Menteri Keuangan (Menkeu) Purbaya Yudhi Sadewa memproyeksikan Indeks Harga Saham Gabungan (IHSG) dapat mencapai level 10.000 pada tahun 2026. Proyeksi optimis ini disampaikan Purbaya usai pembukaan hari pertama perdagangan Bursa Efek Indonesia (BEI) di Jakarta, Jumat (2/1/2026).
Purbaya menegaskan bahwa target tersebut bukan hal yang mustahil. “Jadi pelaku pasar siap-siap aja.
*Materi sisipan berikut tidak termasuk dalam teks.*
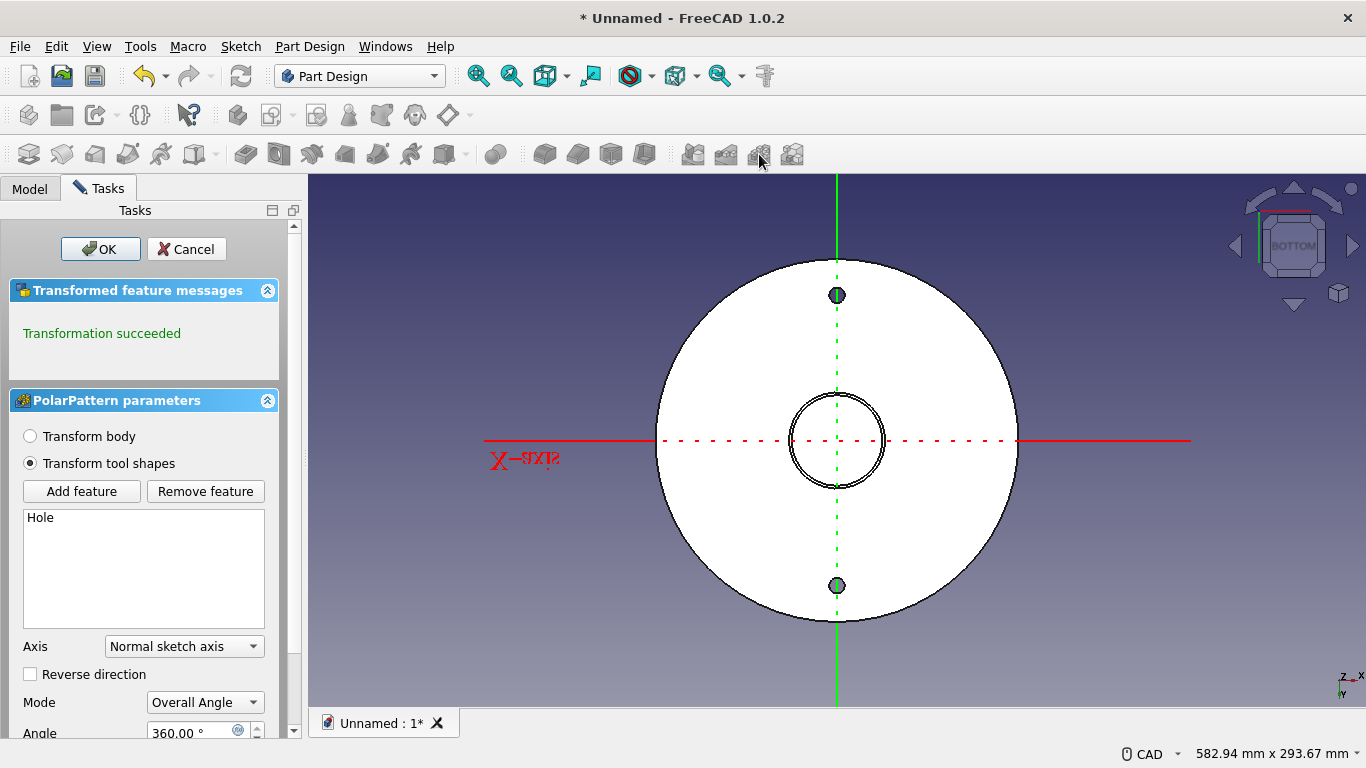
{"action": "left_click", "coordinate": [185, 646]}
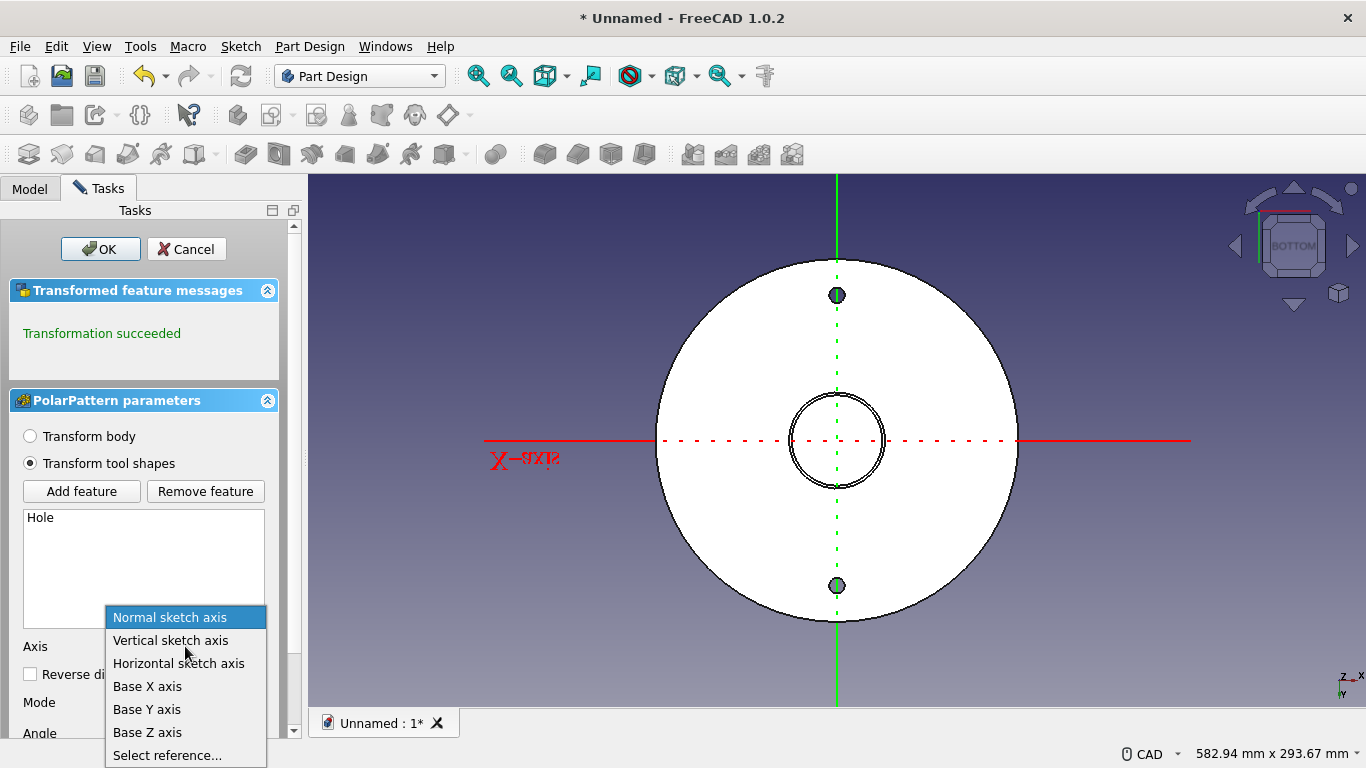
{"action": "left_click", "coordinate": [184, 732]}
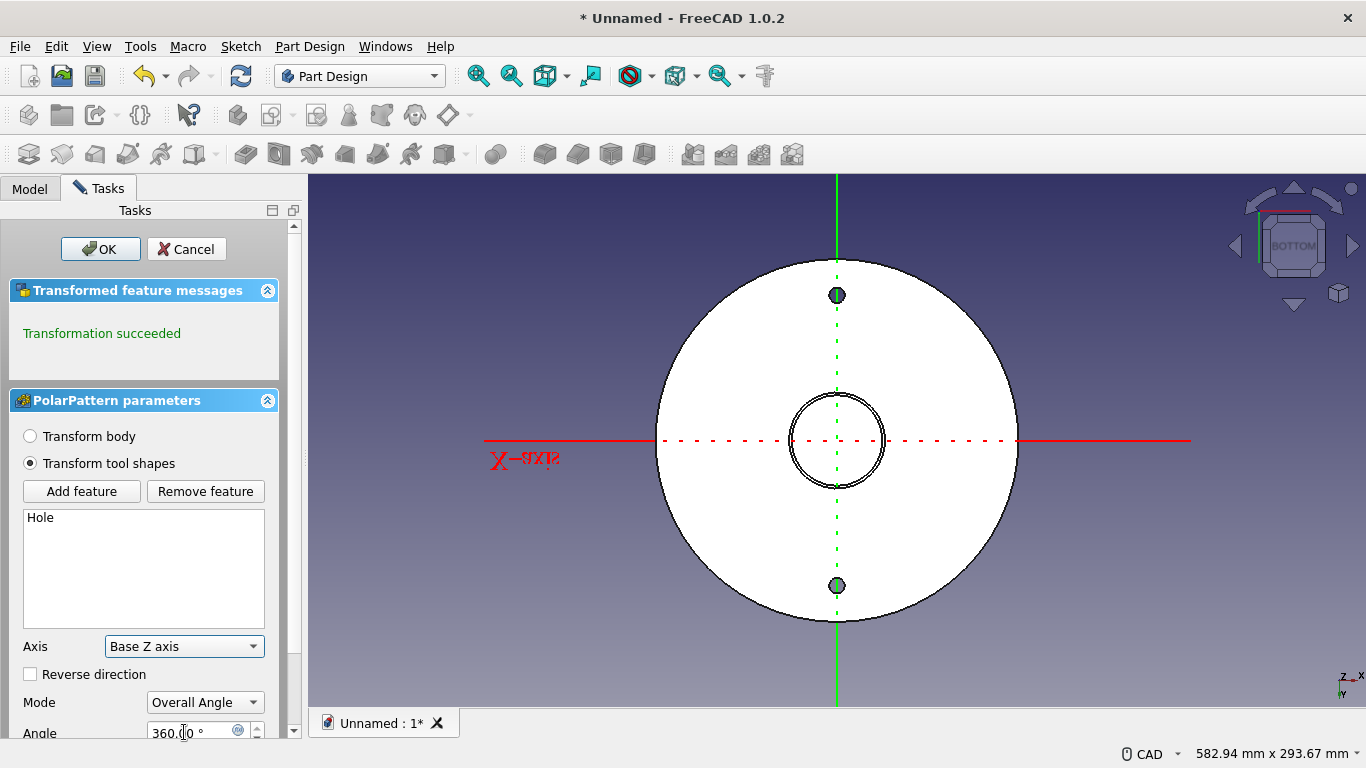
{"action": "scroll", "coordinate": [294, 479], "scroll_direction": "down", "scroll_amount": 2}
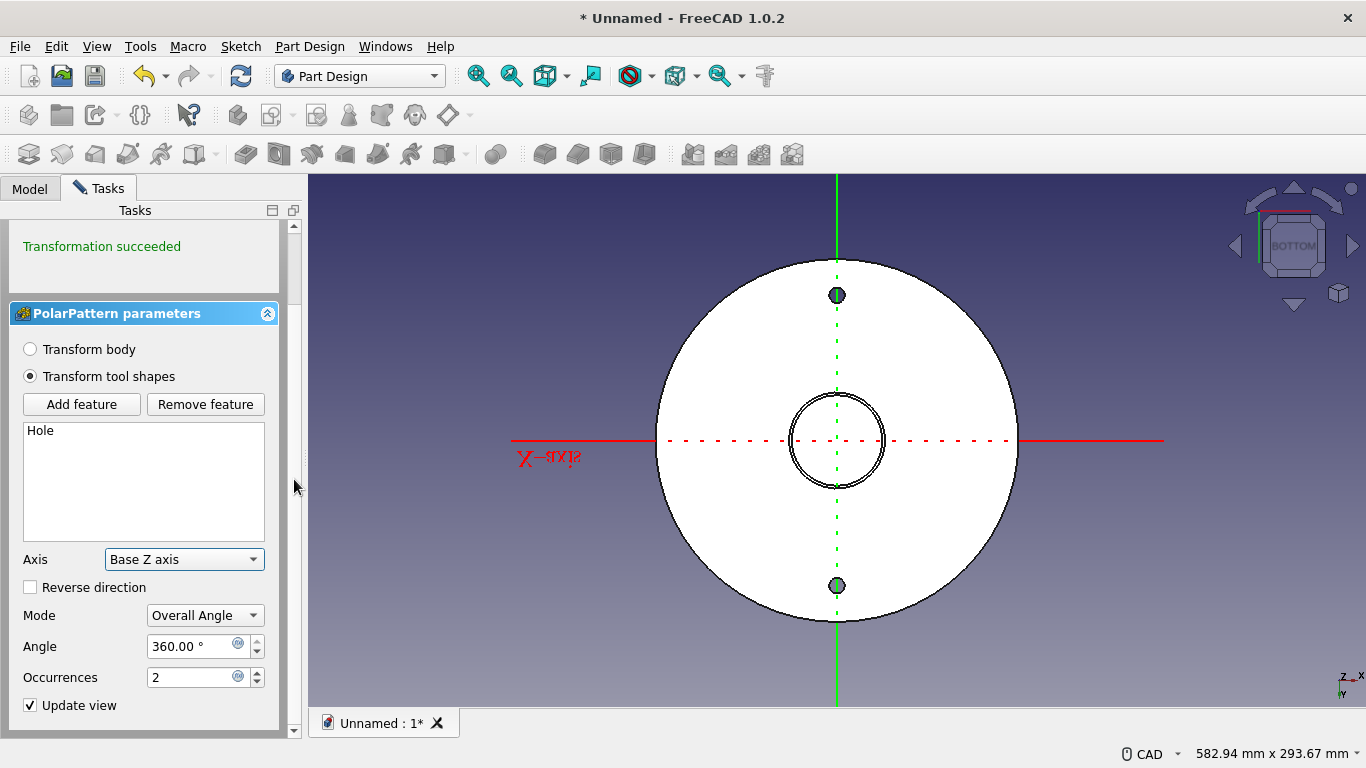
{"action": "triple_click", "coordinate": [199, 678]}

Tahun ini IHSG 10.000 itu bukan angka yang mustahil dicapai,” ujar Purbaya, seperti dipantau Mureks.
Temukan artikel informatif lainnya melalui Mureks. mureks.co.id
Sentimen Pendorong IHSG
Menurutnya, sejumlah sentimen positif akan mendorong pergerakan IHSG. Salah satu yang menjadi fokus Kementerian Keuangan adalah menciptakan pertumbuhan ekonomi yang lebih baik dibandingkan tahun sebelumnya.
Purbaya menjelaskan, dengan kepemimpinan ekonomi yang kini dipegangnya secara penuh bersama Gubernur Bank Indonesia (BI) dan lembaga terkait lainnya, koordinasi kebijakan diharapkan lebih sinkron. “Kalau kemarin kan kita masih separuh-separuh, cuma seperempat malah. Harusnya dengan kebijakan yang lebih sinkron kita dengan Bank Sentral, dengan yang lain-lain, ekonomi kita bisa tumbuh lebih cepat,” tambahnya.
Sinkronisasi kebijakan ini diharapkan dapat menjadi landasan bagi pertumbuhan keuntungan perusahaan, yang pada gilirannya akan mendongkrak kinerja IHSG. Menkeu Purbaya juga memberikan pesan khusus kepada para investor pasar modal. “Jadi kalau investor-investor yang jeli, jangan sampai ketinggalan,” pesannya.
Pada pembukaan perdagangan perdana tahun 2026, IHSG berhasil menguat 36,17 poin atau 0,42% ke level 8.683,11. Tim redaksi Mureks mencatat bahwa sebanyak 371 saham naik, 92 turun, dan 495 tidak bergerak pada sesi pagi tersebut.
Nilai transaksi pagi ini mencapai Rp 301,6 miliar, melibatkan 429,6 juta saham dalam 67.930 kali transaksi. Sementara itu, kapitalisasi pasar tercatat mencapai Rp 15.928 triliun.